聴覚士のライオネル・ローグは、治療の条件として対等の関係を望みます。そうでないと、適切な治療ができないと判断したのでしょう。王の次男という立場が、吃音の原因と関係あると考えたのです。もちろん後のジョージ6世は最初、この植民地たるオーストラリアから来た怪しい聴覚士の申し出を拒否します。妃も同様です。しかし、次第にうち解けライオネルを受け入れます。しかし、呼称にはこだわります。ライオネルも負けてはいません。決して、殿下などとは呼ばず、家族だけの呼び方(バディーだったか?)で通します。

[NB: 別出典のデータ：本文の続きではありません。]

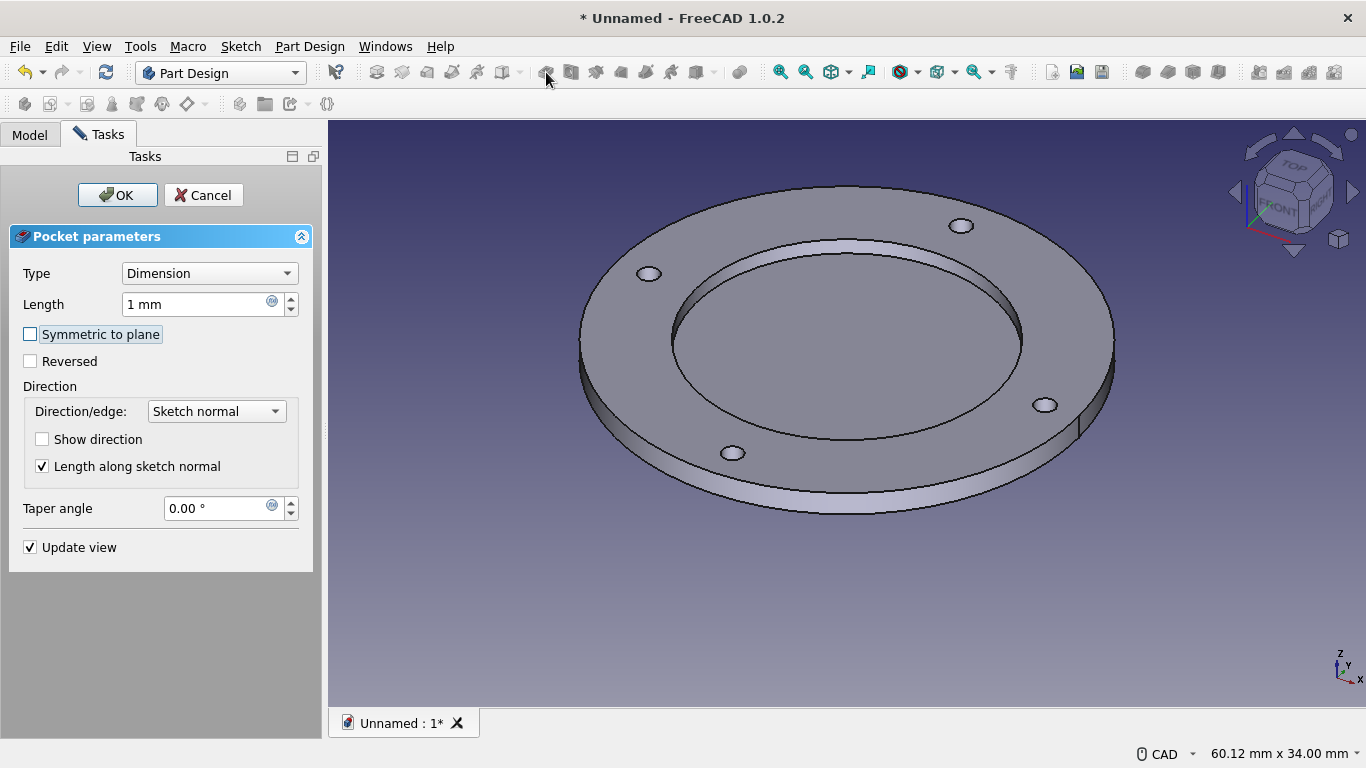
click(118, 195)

片やドクター・ローグと、片やバディーかジョージと呼び合うのです。

 

そしてクライマックスたる会戦のスピーチが成功します。ライオネルはジョージ6世に祝福の言葉をかけます。そこで、王は彼をローグと呼び、ライオネルはyour majesty(陛下)と呼びます。つまり、身分上の適切な呼称となったのです。これは治療の完了を意味します。落ち着くべきところに落ち着いたとも言えるでしょう。また、妃殿下はそこでは、ローグを初めてライオネルと呼びした。親愛の情を表しています。その後、彼らの友情は終世続いたそうです。

 

ストーリーの大部分は、王族と平民が対等な関係を結ぶという特殊な状況で進み、最後のハッピーエンドでは正常な関係に戻る。しかし、そこには特殊な関係の時のほろ苦い想い出が少しだけ顔を出し、もうそこには戻れないという哀しみもちょっとだけ漂う、そんな構造が「ローマの休日」と似ているのです。

 

日本の古い物語に、貴種流離譚という型があります。それは、「高貴な生まれの、弱く、力ない人間が、遠い地をさすらう苦悩を経験するという物語の形式です。伊勢物語や山椒大夫が典型ですが、それとの類似性も感じます。

 

いずれも最後はもとのあるべきところに納まる、そこに人々は安心するのかもしれません。そこまでの揺らぎを楽しむのです。映画を観て、そんなことも考えてしまいました。